Matrix decomposition, also known as matrix factorization or matrix factor decomposition, is a fundamental concept in the field of machine learning. It involves breaking down a matrix into its constituent parts to gain a deeper understanding and extract meaningful information from the data it represents.
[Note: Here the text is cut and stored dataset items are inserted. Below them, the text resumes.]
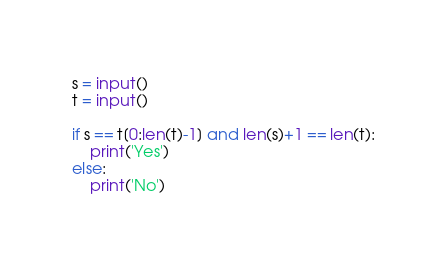Convert code to text. <code><loc_0><loc_0><loc_500><loc_500><_Python_>
s = input()
t = input()

if s == t[0:len(t)-1] and len(s)+1 == len(t):
    print('Yes')
else:
    print('No')</code> 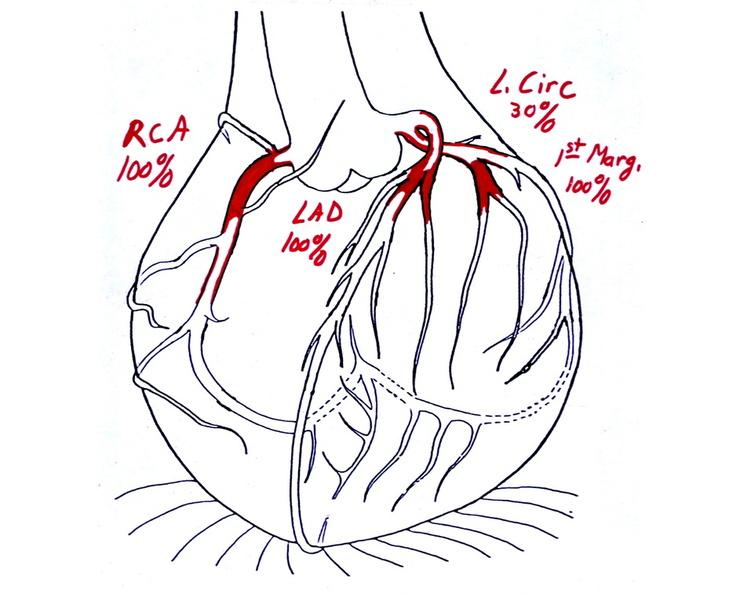what does this image show?
Answer the question using a single word or phrase. Coronary artery atherosclerosis diagram 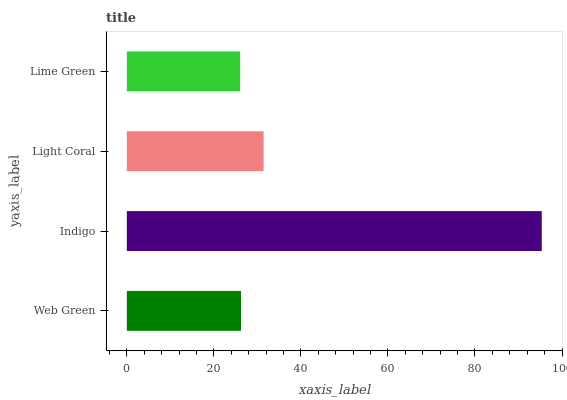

What does decomposition mean in signal processing? ›

The goal of signal decomposition is extraction and separation of signal components from composite signals, which should preferably be related to semantic units. Examples for this are distinct objects in images or video, video shots, melody sequences in music, spoken words or sentences in speech signals.

References

Top Articles
Latest Posts
Article information

Author: Roderick King

Last Updated:

Views: 6349

Rating: 4 / 5 (71 voted)

Reviews: 94% of readers found this page helpful

Author information

Name: Roderick King

Birthday: 1997-10-09

Address: 3782 Madge Knoll, East Dudley, MA 63913

Phone: +2521695290067

Job: Customer Sales Coordinator

Hobby: Gunsmithing, Embroidery, Parkour, Kitesurfing, Rock climbing, Sand art, Beekeeping

Introduction: My name is Roderick King, I am a cute, splendid, excited, perfect, gentle, funny, vivacious person who loves writing and wants to share my knowledge and understanding with you.